Katy Hayes held her minutes-old daughter Arielle, marveling at her 22-in., 9-lb. 13-oz. miracle. It was her third baby, but she was as euphoric as a first-time mom, and her husband, Al, who had played guitar to his wife’s growing belly, shot photos through happy tears. “I remember,” Katy says, “hearing her little cry and being so excited.”
That was her last memory before her life changed forever. Within hours of giving birth at home in Kingwood, Texas, she was seized with intense abdominal pain-signs of a raging bacterial infection that would literally consume her. Two months later she woke up in a hospital room-without limbs. “I remember lifting my leg and not seeing any foot. I screamed, ‘Ahhh, my God!'” Katy, 42, says. “I was in shock. And scared.” So was Al, who had given doctors the go-ahead to amputate to save his wife from a rare invasive Group A strep infection. “What kept running through my mind,” Al, 35, recalls, “was ‘What if she wakes up and hates me because she doesn’t want to live this way?'”
It’s a question Katy has wrestled with in her darkest moments since Arielle’s birth on Feb. 10, 2010. Once a massage therapist, avid hiker and all-around supermom to Amber, 17, her daughter from a previous marriage, and Jake, 7, her son with Al, she now relies on her family to take care of her. Al, a school music teacher, has at times nearly buckled under the strain of helping his wife adjust to life as a quadruple amputee while taking on the baby, the bills and carpooling duty. But the answer to her husband’s question? “I’m so glad to be here,” Katy says. “I’ve had crying spells-it’s so frustrating. But I love hearing about my kids’ days, watching my son on the trampoline, looking at Arielle’s face. Al still makes me laugh.

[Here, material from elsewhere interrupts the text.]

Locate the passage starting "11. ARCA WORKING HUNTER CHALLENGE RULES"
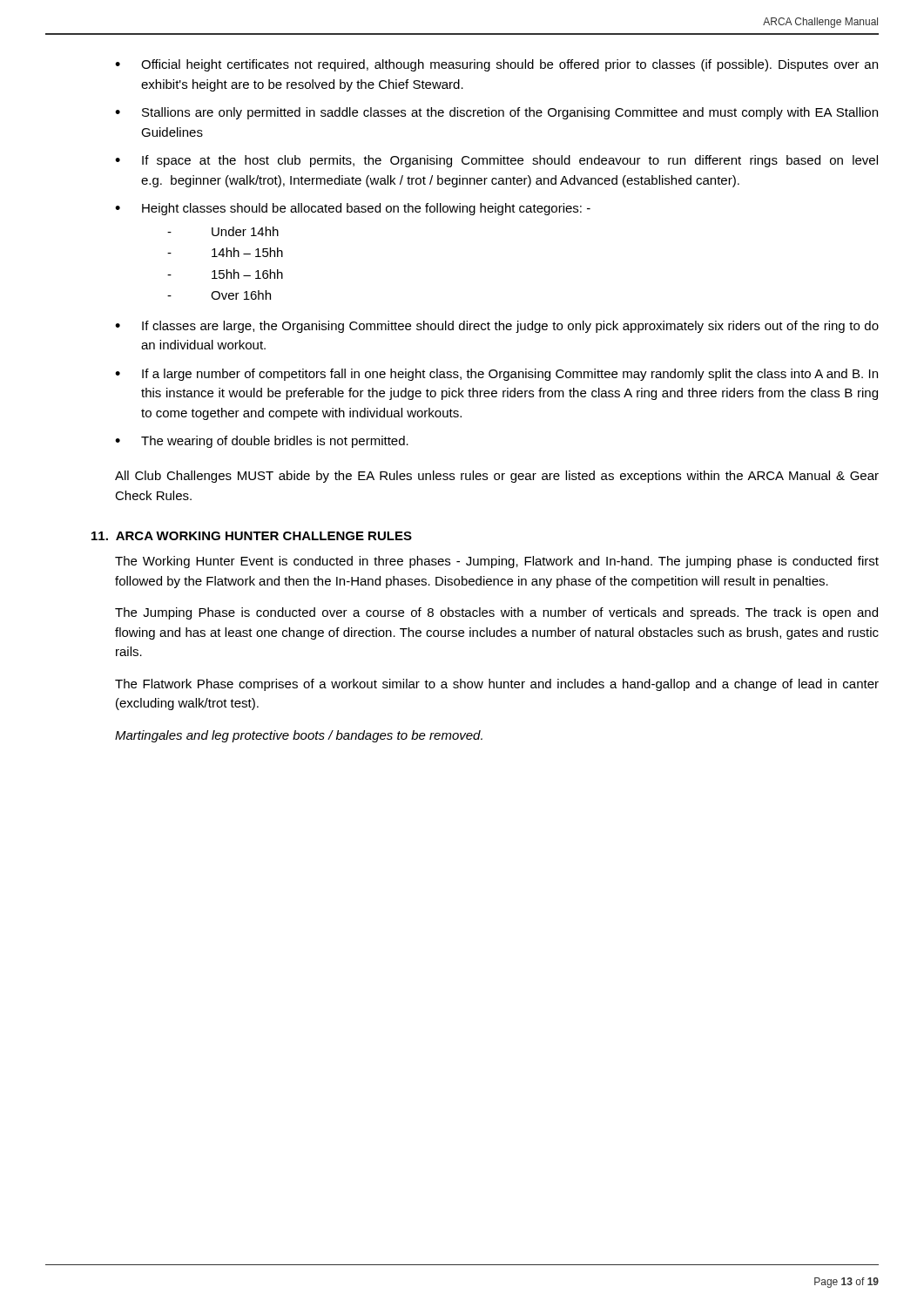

The point is, I’m alive.”
On a recent Saturday, the family piles into their van and heads to a drive-in joint for lunch. Al holds Katy’s hamburger, then steadies the straw in her iced tea so she can sip-tasks that, despite many hours of physical therapy and practice with her prosthetic arms, are still beyond her. “It’s good you’re hungry,” Al says, then he climbs into the backseat to change Arielle’s diaper. Next it’s off to the Home Depot, where Al activates the van’s hydraulic lift to lower Katy in her power wheelchair onto the pavement. An employee asks if they need a hand. “I need two!” says Katy, grinning.

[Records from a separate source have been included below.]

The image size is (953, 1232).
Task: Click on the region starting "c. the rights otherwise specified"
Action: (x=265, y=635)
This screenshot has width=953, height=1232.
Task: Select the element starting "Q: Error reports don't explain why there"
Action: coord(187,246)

Happy family outings were what Katy and Al imagined when she learned she was pregnant. They’d hit a rough patch in their 11-year marriage, but planning for the baby brought them closer again. After a bad hospital experience with Jake, Katy decided to have this baby at home with an experienced midwife.
It all went according to plan, and when Al called the hospital about Katy’s abdominal pain, doctors assured him she was fine. But after a few days, as her pain became unbearable, Al drove her to the hospital and insisted she be seen. Three hours later she slipped into a coma. “One doctor pulled me aside,” Al recalls, “and said, ‘She’s going to die.'” Later, doctors at Parkland Memorial Hospital in Dallas, where Katy was transferred for specialized care, told Al there was one slim hope to save her-a quadruple amputation to remove her gangrenous limbs. Pacing the halls, “I thought,” Al recalls, “I was going to explode.” Still, he kept thinking: The children needed their mother, even in a dramatically altered form, and Katy would want to be around to raise them, even if not in the way she’d hoped. He sat at Katy’s bedside and sobbed: “I hope,” he whispered, “you can forgive me.”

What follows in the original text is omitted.